为什么Single.concat(..,..)。toObservable()不只返回一个可观察到的观测值?
我正在从不同来源以相同结果类型访问Android Room数据库中的搜索功能。
我想按结果顺序显示第一个来源,然后第二个来源。
@Query("SELECT id, title, from table1 where title LIKE :title || '%'")
fun getItemsFirstTable(title: String): Single<List<MinimumResult>>
@Query("SELECT id, title, from table2 where title LIKE :title || '%'")

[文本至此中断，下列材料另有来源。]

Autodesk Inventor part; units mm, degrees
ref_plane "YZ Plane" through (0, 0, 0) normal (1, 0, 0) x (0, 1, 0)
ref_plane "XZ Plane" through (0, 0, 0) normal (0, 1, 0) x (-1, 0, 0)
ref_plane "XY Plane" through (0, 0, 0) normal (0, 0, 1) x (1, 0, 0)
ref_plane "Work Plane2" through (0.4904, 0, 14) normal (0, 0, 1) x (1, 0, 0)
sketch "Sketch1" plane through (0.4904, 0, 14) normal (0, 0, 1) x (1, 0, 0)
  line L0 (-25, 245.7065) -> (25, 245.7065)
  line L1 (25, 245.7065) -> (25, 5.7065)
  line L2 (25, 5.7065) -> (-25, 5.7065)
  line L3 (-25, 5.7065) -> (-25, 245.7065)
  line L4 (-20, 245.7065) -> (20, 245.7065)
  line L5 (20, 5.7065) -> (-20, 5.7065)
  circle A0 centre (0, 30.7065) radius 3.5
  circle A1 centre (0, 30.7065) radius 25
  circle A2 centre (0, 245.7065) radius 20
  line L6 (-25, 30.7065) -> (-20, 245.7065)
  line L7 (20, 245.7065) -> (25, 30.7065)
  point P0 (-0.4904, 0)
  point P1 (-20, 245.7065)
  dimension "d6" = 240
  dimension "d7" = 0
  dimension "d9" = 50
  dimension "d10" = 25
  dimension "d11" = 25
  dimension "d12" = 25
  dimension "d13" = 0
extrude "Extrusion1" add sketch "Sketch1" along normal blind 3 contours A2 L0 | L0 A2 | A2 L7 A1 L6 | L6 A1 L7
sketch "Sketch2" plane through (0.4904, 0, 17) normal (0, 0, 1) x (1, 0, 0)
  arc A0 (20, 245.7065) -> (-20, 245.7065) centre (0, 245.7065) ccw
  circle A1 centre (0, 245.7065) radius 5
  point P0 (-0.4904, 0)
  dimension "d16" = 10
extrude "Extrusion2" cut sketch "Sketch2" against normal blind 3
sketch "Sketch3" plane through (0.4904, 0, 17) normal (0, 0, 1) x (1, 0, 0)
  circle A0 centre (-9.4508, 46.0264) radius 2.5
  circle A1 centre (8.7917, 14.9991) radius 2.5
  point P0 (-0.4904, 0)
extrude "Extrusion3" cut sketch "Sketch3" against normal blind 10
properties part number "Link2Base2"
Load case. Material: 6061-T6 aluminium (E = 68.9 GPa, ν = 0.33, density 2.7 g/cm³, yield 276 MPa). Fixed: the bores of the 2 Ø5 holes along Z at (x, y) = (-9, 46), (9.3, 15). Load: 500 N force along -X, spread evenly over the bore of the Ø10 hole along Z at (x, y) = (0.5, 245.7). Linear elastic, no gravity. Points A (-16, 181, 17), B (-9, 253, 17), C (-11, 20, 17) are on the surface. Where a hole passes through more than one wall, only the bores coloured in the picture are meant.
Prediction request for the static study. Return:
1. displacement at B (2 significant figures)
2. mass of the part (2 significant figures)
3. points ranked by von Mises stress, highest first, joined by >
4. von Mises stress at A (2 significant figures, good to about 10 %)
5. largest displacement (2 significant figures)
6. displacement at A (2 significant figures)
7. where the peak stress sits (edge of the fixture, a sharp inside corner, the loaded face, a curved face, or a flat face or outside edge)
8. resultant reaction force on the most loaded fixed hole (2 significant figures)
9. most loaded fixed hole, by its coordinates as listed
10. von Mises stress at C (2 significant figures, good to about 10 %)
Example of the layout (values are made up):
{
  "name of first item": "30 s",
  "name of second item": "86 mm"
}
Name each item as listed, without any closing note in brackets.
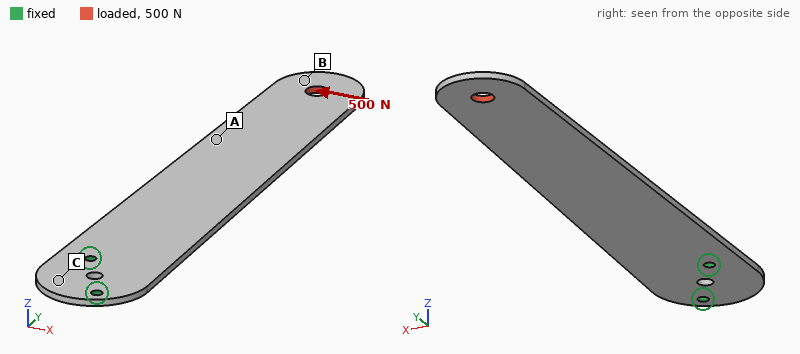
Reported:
{
  "displacement at B": "1.1 mm",
  "mass of the part": "90 g",
  "points ranked by von Mises stress, highest first, joined by >": "A > C > B",
  "von Mises stress at A": "27 MPa",
  "largest displacement": "1.2 mm",
  "displacement at A": "0.57 mm",
  "where the peak stress sits": "edge of the fixture",
  "resultant reaction force on the most loaded fixed hole": "3.0 kN",
  "most loaded fixed hole, by its coordinates as listed": "(-9, 46)",
  "von Mises stress at C": "16 MPa"
}
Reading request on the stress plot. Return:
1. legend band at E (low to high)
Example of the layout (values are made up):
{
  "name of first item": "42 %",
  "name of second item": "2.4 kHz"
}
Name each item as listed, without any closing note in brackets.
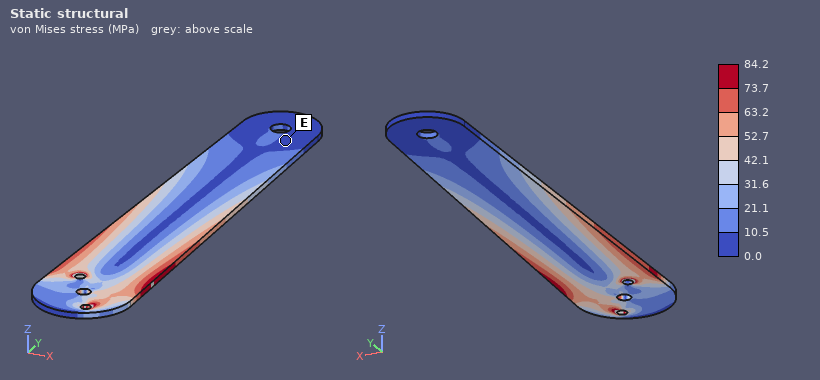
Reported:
{
  "legend band at E": "0.0 to 10.5 MPa"
}
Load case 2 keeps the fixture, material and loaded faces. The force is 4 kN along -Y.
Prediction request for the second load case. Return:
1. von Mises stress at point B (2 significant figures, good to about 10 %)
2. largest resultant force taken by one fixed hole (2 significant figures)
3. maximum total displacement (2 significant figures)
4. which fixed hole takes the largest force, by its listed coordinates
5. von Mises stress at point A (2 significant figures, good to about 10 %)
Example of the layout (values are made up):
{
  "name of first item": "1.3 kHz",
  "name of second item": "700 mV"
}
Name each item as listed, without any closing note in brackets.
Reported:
{
  "von Mises stress at point B": "22 MPa",
  "largest resultant force taken by one fixed hole": "2.6 kN",
  "maximum total displacement": "0.13 mm",
  "which fixed hole takes the largest force, by its listed coordinates": "(-9, 46)",
  "von Mises stress at point A": "31 MPa"
}
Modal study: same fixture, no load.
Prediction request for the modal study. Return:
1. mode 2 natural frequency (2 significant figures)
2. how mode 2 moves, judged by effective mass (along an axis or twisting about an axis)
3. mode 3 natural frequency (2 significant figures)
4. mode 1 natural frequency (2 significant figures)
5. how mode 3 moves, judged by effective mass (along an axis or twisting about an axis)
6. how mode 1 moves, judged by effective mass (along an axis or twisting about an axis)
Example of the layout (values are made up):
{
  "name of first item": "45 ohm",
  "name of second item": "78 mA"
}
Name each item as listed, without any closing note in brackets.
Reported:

fun getItemsSecondTable(title: String): Single<List<MinimumResult>>
用于合并Single并在视图模型中返回Observable的方法
public Observable<List<SearchItem>> concatSearchedItems(String s){
return Single.concat(UseCaseKt.getItemsFirstTable(s), UseCaseKt.getItemsSecondTable(s)).toObservable()
}
认同TextWatcher
Observable.create(new ObservableOnSubscribe<Object>() {
@Override
public void subscribe(ObservableEmitter<Object> emitter) throws Exception {
mEditTextSearch.addTextChangedListener(new TextWatcher() {
@Override
public void beforeTextChanged(CharSequence s, int start, int count, int after) {
}
@Override
public void onTextChanged(CharSequence s, int start, int before, int count) {
emitter.onNext(s.toString());
}
@Override
public void afterTextChanged(Editable s) {
}
});
}
})
.subscribeOn(Schedulers.io())
.doOnNext( l -> Log.d(TAG, "onCreateView: "))
.debounce(500, TimeUnit.MILLISECONDS)
.distinctUntilChanged()
.switchMap(new Function<Object, ObservableSource<List<SearchItem>>>() {
@Override
public ObservableSource<List<SearchItem>> apply(Object o) throws Exception {
return searchViewModel.concatSearchedItems(o.toString());
}
})
.observeOn(AndroidSchedulers.mainThread())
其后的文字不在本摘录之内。